Django performance tips

Jacob Kaplan-Moss

December 12, 2005

Django handles lots of traffic with ease; Django sites have survived slashdottings, farkings, and more. Here are some notes on how we tweak our servers to get that type of high performance.

Use a separate media server

Django deliberately doesn’t serve media for you, and it’s designed that way to save you from yourself. If you try to serve media from the same Apache instance that’s serving Django, you’re going to absolutely kill performance. Apache reuses processes between each request, so once a process caches all the code and libraries for Django, those stick around in memory. If you aren’t using that process to service a Django request, all the memory overhead is wasted.

So, set up all your media to be served by a different web server entirely. Ideally, this is a physically separate machine running a high-performance web server like lighttpd or tux. If you can’t afford the separate machine, at least have the media server be a separate process on the same machine.

Use a separate database server

If you can afford it, stick your database server on a separate machine, too. All too often Apache and PostgreSQL (or MySQL or whatever) compete for system resources in a bad way. A separate DB server — ideally one with lots of RAM and fast (10k or better) drives — will seriously improve the number of hits you can dish out.

Use PostgreSQL

I’ll probably get lots of push-back from the MySQL community about this one, but in my experience PostgreSQL is much faster than MySQL in nearly every case.

There’s no such thing as too much RAM

Even really expensive RAM costs only about $200 per gigabyte. That’s SO much cheaper than the cost of programmer time it isn’t even funny. Buy as much RAM as you can possibly afford, and then buy a little bit more.

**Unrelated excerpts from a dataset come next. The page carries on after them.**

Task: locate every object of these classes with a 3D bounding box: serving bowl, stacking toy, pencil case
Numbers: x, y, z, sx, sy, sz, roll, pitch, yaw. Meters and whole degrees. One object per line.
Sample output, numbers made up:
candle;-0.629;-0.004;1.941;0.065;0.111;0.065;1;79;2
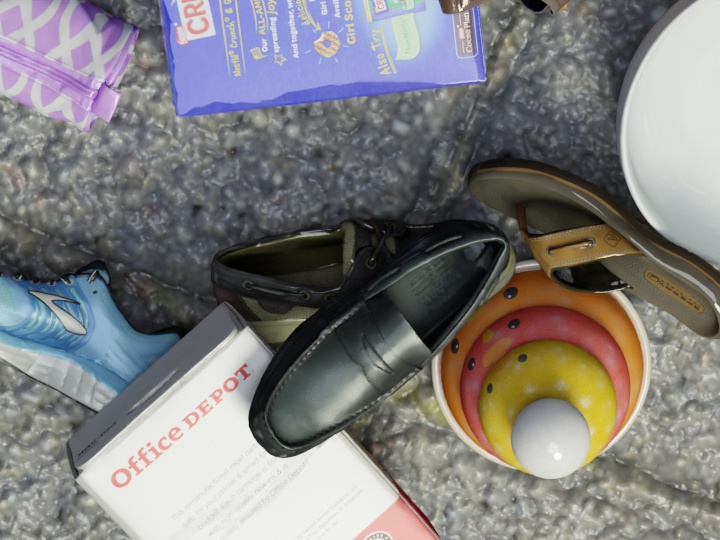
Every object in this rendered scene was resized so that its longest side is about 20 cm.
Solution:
serving bowl;0.253;-0.105;1.654;0.200;0.066;0.200;-5;114;-11
stacking toy;0.120;0.081;1.640;0.146;0.200;0.146;0;103;0
pencil case;-0.240;-0.159;1.646;0.200;0.086;0.084;22;104;-6

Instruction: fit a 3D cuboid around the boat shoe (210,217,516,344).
boat shoe;0.000;0.000;1.680;0.200;0.073;0.065;-13;135;3

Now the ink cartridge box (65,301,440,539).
ink cartridge box;-0.070;0.142;1.665;0.147;0.083;0.200;-41;107;0

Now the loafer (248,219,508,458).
loafer;0.012;0.039;1.600;0.201;0.070;0.068;-42;102;-18

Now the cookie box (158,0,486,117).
cookie box;-0.029;-0.196;1.640;0.200;0.075;0.171;-6;103;1

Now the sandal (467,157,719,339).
sandal;0.150;-0.008;1.659;0.200;0.082;0.055;35;70;7

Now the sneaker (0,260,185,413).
sneaker;-0.205;0.026;1.706;0.200;0.078;0.090;29;86;-12

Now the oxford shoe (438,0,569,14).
oxford shoe;0.123;-0.199;1.611;0.200;0.071;0.073;-10;106;-31
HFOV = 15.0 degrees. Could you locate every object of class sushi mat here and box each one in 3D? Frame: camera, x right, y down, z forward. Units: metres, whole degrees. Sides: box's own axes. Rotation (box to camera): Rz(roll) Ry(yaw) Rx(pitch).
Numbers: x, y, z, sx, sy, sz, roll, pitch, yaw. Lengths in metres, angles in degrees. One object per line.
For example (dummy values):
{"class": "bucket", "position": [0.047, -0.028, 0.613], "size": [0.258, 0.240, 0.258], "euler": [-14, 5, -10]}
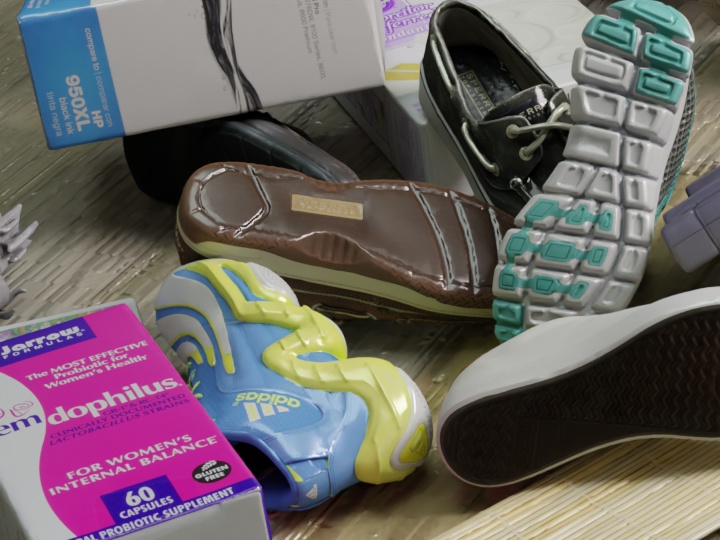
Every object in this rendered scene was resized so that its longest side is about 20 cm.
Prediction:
{"class": "sushi mat", "position": [0.113, 0.112, 1.249], "size": [0.200, 0.012, 0.096], "euler": [-26, 33, -30]}

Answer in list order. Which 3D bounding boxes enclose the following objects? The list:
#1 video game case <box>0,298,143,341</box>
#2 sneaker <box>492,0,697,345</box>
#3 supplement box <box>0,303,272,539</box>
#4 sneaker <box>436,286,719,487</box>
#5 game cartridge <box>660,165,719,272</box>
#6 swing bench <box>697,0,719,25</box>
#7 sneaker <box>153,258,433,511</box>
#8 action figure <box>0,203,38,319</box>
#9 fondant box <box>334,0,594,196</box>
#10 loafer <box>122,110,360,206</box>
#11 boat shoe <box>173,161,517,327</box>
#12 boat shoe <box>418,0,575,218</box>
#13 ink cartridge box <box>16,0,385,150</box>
{"class": "video game case", "position": [-0.203, 0.073, 1.408], "size": [0.199, 0.018, 0.143], "euler": [-13, 28, -7]}
{"class": "sneaker", "position": [0.131, -0.033, 1.397], "size": [0.077, 0.091, 0.201], "euler": [20, 82, 23]}
{"class": "supplement box", "position": [-0.114, 0.109, 1.225], "size": [0.101, 0.104, 0.200], "euler": [-18, 27, -15]}
{"class": "sneaker", "position": [0.132, 0.039, 1.282], "size": [0.199, 0.073, 0.085], "euler": [-13, 21, 10]}
{"class": "game cartridge", "position": [0.220, -0.057, 1.387], "size": [0.130, 0.038, 0.200], "euler": [-37, -1, 14]}
{"class": "swing bench", "position": [0.331, -0.191, 1.643], "size": [0.199, 0.130, 0.200], "euler": [20, 44, 41]}
{"class": "sneaker", "position": [-0.061, 0.058, 1.334], "size": [0.105, 0.076, 0.200], "euler": [-28, 34, -31]}
{"class": "action figure", "position": [-0.264, -0.004, 1.524], "size": [0.199, 0.070, 0.130], "euler": [16, 29, 33]}
{"class": "fondant box", "position": [0.073, -0.118, 1.647], "size": [0.144, 0.058, 0.200], "euler": [-16, 28, -12]}
{"class": "loafer", "position": [-0.055, -0.065, 1.570], "size": [0.072, 0.073, 0.200], "euler": [-24, 32, -33]}
{"class": "boat shoe", "position": [0.001, -0.005, 1.437], "size": [0.202, 0.075, 0.075], "euler": [15, 53, -4]}
{"class": "boat shoe", "position": [0.089, -0.068, 1.480], "size": [0.071, 0.064, 0.200], "euler": [-24, 54, -19]}
{"class": "ink cartridge box", "position": [-0.087, -0.143, 1.582], "size": [0.199, 0.085, 0.145], "euler": [-11, 18, 4]}
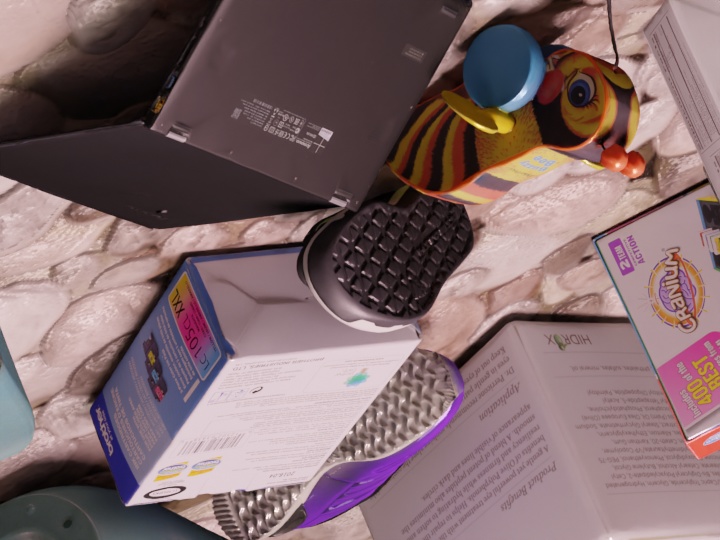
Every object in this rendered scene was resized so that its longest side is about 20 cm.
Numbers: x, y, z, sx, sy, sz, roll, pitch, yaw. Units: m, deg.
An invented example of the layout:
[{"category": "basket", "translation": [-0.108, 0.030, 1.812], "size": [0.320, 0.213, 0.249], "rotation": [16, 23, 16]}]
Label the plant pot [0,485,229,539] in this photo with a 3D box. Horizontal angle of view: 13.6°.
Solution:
[{"category": "plant pot", "translation": [-0.172, 0.226, 1.891], "size": [0.200, 0.201, 0.161], "rotation": [-30, 143, 13]}]

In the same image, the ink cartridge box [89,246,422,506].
[{"category": "ink cartridge box", "translation": [-0.072, 0.071, 1.799], "size": [0.136, 0.077, 0.200], "rotation": [-5, 147, -32]}]

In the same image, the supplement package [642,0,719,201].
[{"category": "supplement package", "translation": [0.268, -0.102, 1.522], "size": [0.199, 0.156, 0.111], "rotation": [-24, 176, -4]}]

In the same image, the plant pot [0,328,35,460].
[{"category": "plant pot", "translation": [-0.248, 0.044, 1.544], "size": [0.141, 0.142, 0.200], "rotation": [-23, 162, -1]}]

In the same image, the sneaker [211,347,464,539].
[{"category": "sneaker", "translation": [0.000, 0.109, 1.952], "size": [0.200, 0.070, 0.099], "rotation": [-34, 159, 30]}]

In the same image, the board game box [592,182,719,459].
[{"category": "board game box", "translation": [0.264, 0.005, 1.864], "size": [0.200, 0.153, 0.040], "rotation": [-26, 154, 8]}]

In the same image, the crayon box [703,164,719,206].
[{"category": "crayon box", "translation": [0.294, -0.061, 1.724], "size": [0.126, 0.052, 0.200], "rotation": [-30, 164, 25]}]

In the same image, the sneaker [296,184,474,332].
[{"category": "sneaker", "translation": [0.000, 0.000, 1.677], "size": [0.083, 0.072, 0.200], "rotation": [-21, -178, 23]}]

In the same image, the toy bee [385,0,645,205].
[{"category": "toy bee", "translation": [0.100, -0.084, 1.611], "size": [0.131, 0.109, 0.200], "rotation": [-2, 147, -34]}]

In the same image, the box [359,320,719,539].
[{"category": "box", "translation": [0.142, 0.156, 2.026], "size": [0.200, 0.172, 0.199], "rotation": [3, 144, -42]}]

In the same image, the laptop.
[{"category": "laptop", "translation": [-0.076, -0.099, 1.550], "size": [0.187, 0.116, 0.200], "rotation": [20, 102, -55]}]
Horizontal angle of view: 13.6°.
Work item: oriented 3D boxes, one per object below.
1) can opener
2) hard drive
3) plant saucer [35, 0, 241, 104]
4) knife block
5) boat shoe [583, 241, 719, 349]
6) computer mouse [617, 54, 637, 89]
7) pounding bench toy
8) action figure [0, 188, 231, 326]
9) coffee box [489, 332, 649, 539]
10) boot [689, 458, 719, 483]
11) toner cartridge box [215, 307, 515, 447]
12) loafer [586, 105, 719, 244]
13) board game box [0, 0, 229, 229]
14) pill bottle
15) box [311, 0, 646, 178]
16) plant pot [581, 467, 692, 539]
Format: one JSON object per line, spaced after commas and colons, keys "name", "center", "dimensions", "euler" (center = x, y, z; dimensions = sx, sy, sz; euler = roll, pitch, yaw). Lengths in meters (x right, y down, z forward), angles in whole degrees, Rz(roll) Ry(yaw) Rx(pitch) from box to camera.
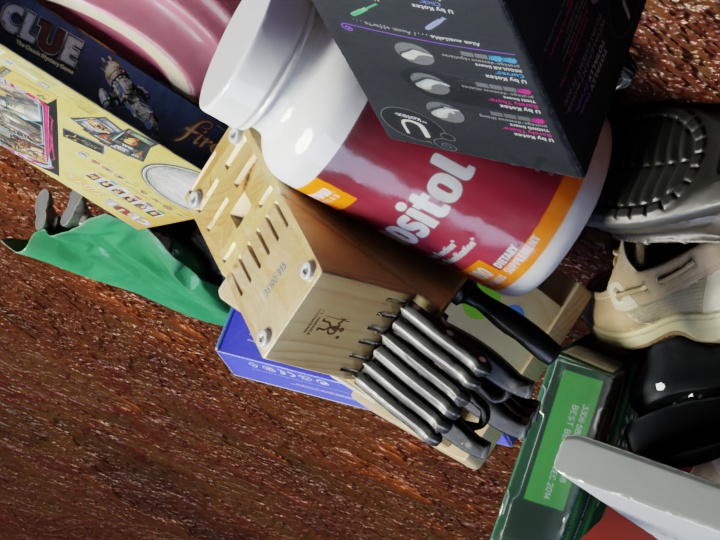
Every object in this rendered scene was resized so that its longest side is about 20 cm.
{"name": "can opener", "center": [0.242, 0.055, 1.709], "dimensions": [0.200, 0.079, 0.063], "euler": [-20, 166, 21]}
{"name": "hard drive", "center": [0.202, 0.145, 1.721], "dimensions": [0.132, 0.027, 0.200], "euler": [19, 172, 27]}
{"name": "plant saucer", "center": [-0.155, -0.143, 1.681], "dimensions": [0.200, 0.051, 0.201], "euler": [20, 161, 7]}
{"name": "knife block", "center": [0.015, 0.010, 1.622], "dimensions": [0.175, 0.064, 0.200], "euler": [15, -148, -37]}
{"name": "boat shoe", "center": [0.178, 0.001, 1.703], "dimensions": [0.065, 0.071, 0.200], "euler": [63, 159, -9]}
{"name": "computer mouse", "center": [0.051, -0.139, 1.517], "dimensions": [0.200, 0.034, 0.059], "euler": [23, 144, -18]}
{"name": "pounding bench toy", "center": [0.000, 0.000, 1.773], "dimensions": [0.156, 0.124, 0.200], "euler": [38, 174, -36]}
{"name": "action figure", "center": [-0.127, -0.002, 2.017], "dimensions": [0.200, 0.055, 0.118], "euler": [27, 160, -36]}
{"name": "coffee box", "center": [0.132, 0.102, 1.808], "dimensions": [0.044, 0.123, 0.200], "euler": [19, -174, 11]}
{"name": "boot", "center": [0.227, 0.095, 1.849], "dimensions": [0.146, 0.070, 0.200], "euler": [20, 147, -34]}
{"name": "toner cartridge box", "center": [0.017, 0.040, 1.916], "dimensions": [0.199, 0.095, 0.043], "euler": [14, 160, 22]}
{"name": "loafer", "center": [0.192, -0.040, 1.549], "dimensions": [0.200, 0.073, 0.071], "euler": [-2, 148, 49]}
{"name": "board game box", "center": [-0.162, -0.091, 1.698], "dimensions": [0.200, 0.035, 0.135], "euler": [32, 158, -29]}
{"name": "pill bottle", "center": [0.022, -0.076, 1.575], "dimensions": [0.200, 0.113, 0.113], "euler": [27, 160, -14]}
{"name": "box", "center": [0.051, -0.146, 1.346], "dimensions": [0.106, 0.123, 0.200], "euler": [13, 158, 23]}
{"name": "plant pot", "center": [0.194, 0.209, 2.068], "dimensions": [0.177, 0.201, 0.201], "euler": [9, 160, 4]}
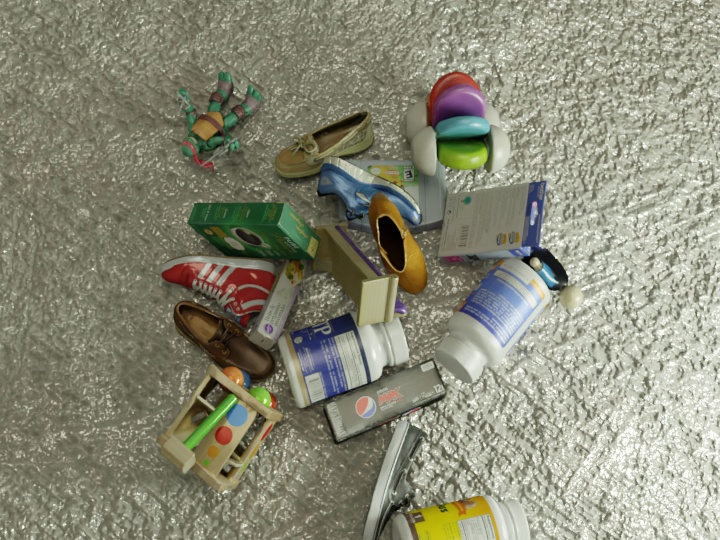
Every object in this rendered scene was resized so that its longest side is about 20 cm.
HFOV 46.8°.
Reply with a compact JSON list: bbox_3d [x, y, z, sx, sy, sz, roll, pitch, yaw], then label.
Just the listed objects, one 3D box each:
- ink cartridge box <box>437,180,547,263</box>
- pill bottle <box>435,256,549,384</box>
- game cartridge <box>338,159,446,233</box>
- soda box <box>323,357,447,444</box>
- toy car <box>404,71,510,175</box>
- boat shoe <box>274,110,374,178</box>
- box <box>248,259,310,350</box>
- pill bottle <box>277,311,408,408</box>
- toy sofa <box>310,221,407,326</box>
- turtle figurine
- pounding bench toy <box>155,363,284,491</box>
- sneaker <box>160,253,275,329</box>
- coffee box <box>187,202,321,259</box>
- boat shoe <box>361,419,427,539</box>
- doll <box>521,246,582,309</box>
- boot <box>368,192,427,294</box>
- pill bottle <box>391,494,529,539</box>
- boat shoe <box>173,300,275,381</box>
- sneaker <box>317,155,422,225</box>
[{"bbox_3d":[0.227,-0.080,1.406,0.197,0.042,0.122,-7,64,41],"label":"ink cartridge box"},{"bbox_3d":[0.215,0.085,1.382,0.112,0.112,0.200,40,74,12],"label":"pill bottle"},{"bbox_3d":[0.057,-0.132,1.493,0.195,0.041,0.137,-1,74,-2],"label":"game cartridge"},{"bbox_3d":[0.039,0.213,1.352,0.196,0.071,0.064,-21,75,-8],"label":"soda box"},{"bbox_3d":[0.170,-0.263,1.461,0.170,0.153,0.202,-2,39,-5],"label":"toy car"},{"bbox_3d":[-0.068,-0.232,1.501,0.197,0.063,0.074,-27,58,-14],"label":"boat shoe"},{"bbox_3d":[-0.129,0.037,1.390,0.038,0.041,0.203,30,53,-13],"label":"box"},{"bbox_3d":[-0.027,0.135,1.352,0.196,0.120,0.122,-18,72,-9],"label":"pill bottle"},{"bbox_3d":[0.000,0.000,1.363,0.096,0.085,0.200,-9,33,-25],"label":"toy sofa"},{"bbox_3d":[-0.270,-0.266,1.495,0.149,0.101,0.201,38,57,-5],"label":"turtle figurine"},{"bbox_3d":[-0.211,0.229,1.258,0.123,0.200,0.157,34,83,10],"label":"pounding bench toy"},{"bbox_3d":[-0.242,0.038,1.404,0.195,0.072,0.115,1,67,-4],"label":"sneaker"},{"bbox_3d":[-0.175,-0.065,1.374,0.196,0.123,0.045,2,64,34],"label":"coffee box"},{"bbox_3d":[0.058,0.340,1.315,0.065,0.070,0.203,18,64,6],"label":"boat shoe"},{"bbox_3d":[0.308,-0.015,1.423,0.049,0.135,0.201,-50,62,20],"label":"doll"},{"bbox_3d":[0.062,-0.022,1.358,0.069,0.145,0.204,-22,113,7],"label":"boot"},{"bbox_3d":[0.152,0.407,1.264,0.195,0.110,0.112,-9,71,-11],"label":"pill bottle"},{"bbox_3d":[-0.230,0.116,1.378,0.198,0.068,0.073,32,72,9],"label":"boat shoe"},{"bbox_3d":[0.014,-0.119,1.439,0.196,0.079,0.091,24,90,5],"label":"sneaker"}]
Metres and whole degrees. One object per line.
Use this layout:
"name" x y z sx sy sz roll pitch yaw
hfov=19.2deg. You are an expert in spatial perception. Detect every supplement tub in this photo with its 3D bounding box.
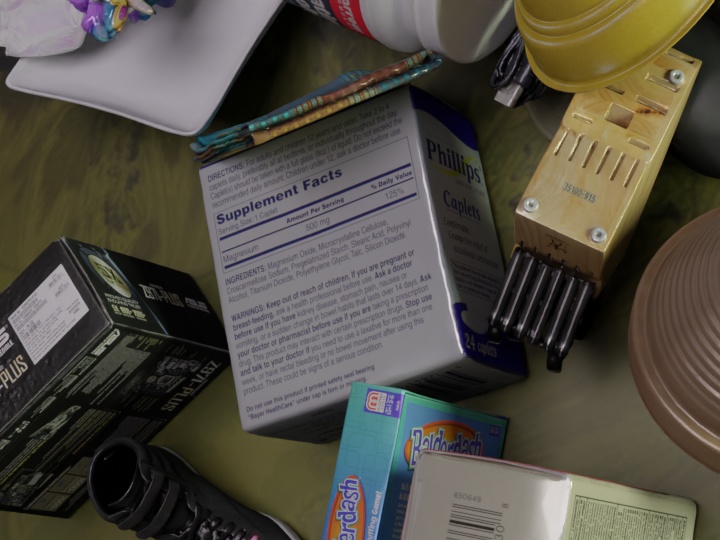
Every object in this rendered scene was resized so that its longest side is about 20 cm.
"supplement tub" 0.012 -0.233 1.462 0.199 0.140 0.141 27 94 32

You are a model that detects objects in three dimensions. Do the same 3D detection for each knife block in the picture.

Faster processors really won’t improve performance all that much; most web servers spend up to 90% of their time waiting on IO! As soon as you start swapping, performance will just die. Faster disks might help slightly, but they’re so much more expensive than RAM that it doesn’t really matter.

If you’ve got multiple servers, the first place to put your RAM is in the database server. If you can afford it, get enough RAM to get fit your entire DB. This shouldn’t be too hard; our database — including half a million articles dating back to 1989 — is only 1.5 gigs.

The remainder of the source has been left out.